Ebenfalls mit einem Förderpreis wird das 60-jährige Nürnberger Blues-Urgestein Klaus Brandl ausgezeichnet, der beim ihm zustehenden Kurzinterview für den einen oder anderen lauten Lacher beim Publikum sorgt. Stichwort „Förderpreis“. Aber, um es kurz zu machen: Dieser steht dem, sagen wir, fränkischen Tom Waits, der unter anderem einen verdächtig nach Jack Nickolson auf Dosenbier ausschauenden Saxofonisten mit dabei hatte, definitiv zu, bloß wäre die „Kategorie“ Lebenswerk hier schon die richtigere gewesen.

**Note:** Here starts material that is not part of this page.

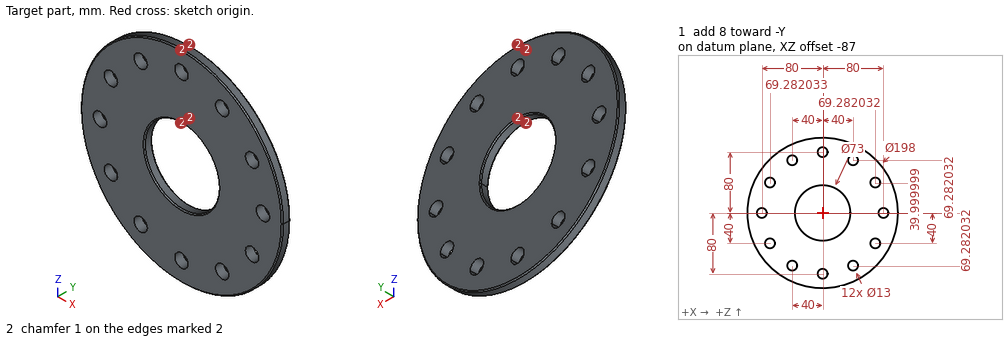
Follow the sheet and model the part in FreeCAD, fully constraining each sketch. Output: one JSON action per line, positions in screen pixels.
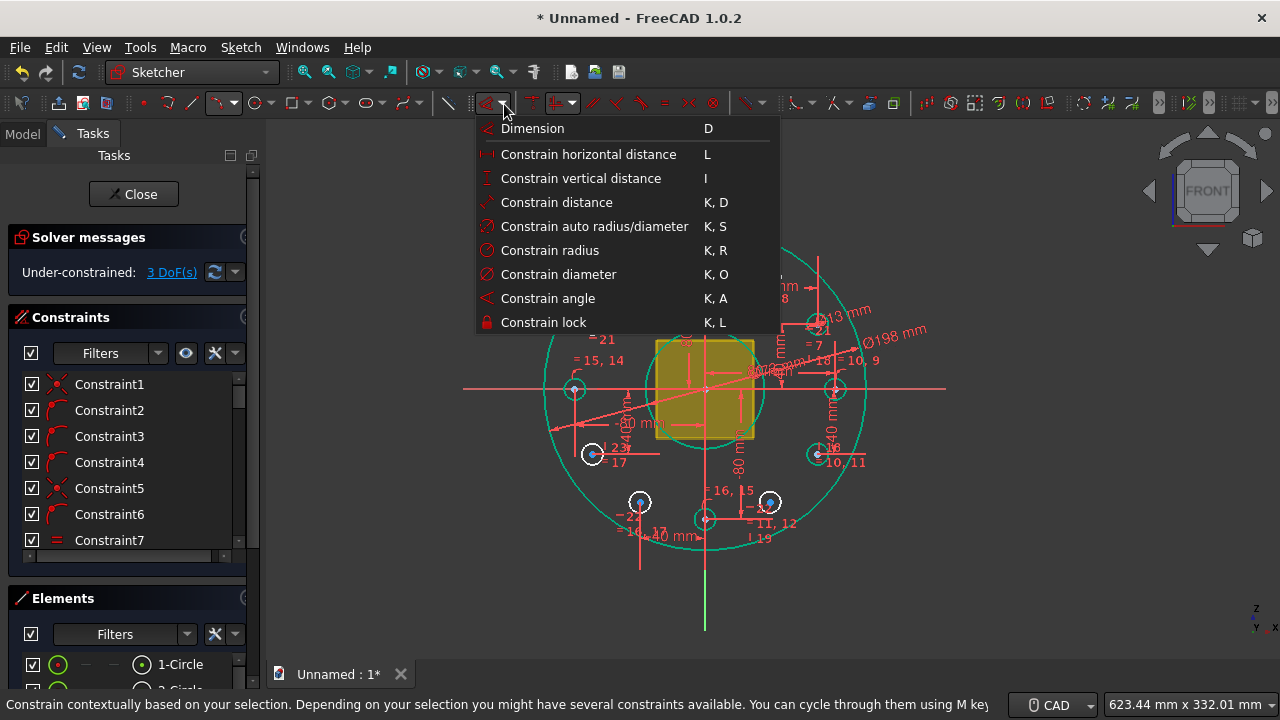
{"action": "left_click", "coordinate": [628, 178]}

Das erste von insgesamt vier „Nürnberg Stipendien“ (2500 Euro) geht an die durch die Akademie der Bildenden Künste geschulte, 1964 geborene Künstlerin Stefanie Pöllot, deren internationale Referenzen sich in Grenzen halten, die aber national bereits einiges an Erfolgen vorweisen kann. Neben einer kurzen Werkschau gibt es einen Kurzfilm zu sehen, der, inspiriert durch den Ort des Geschehens (Tafelhalle), entstand. Ein Vorhang öffnet sich, es wird Ballett getanzt, man sieht die Kleidchen und die Beine, der Vorhang schließt sich.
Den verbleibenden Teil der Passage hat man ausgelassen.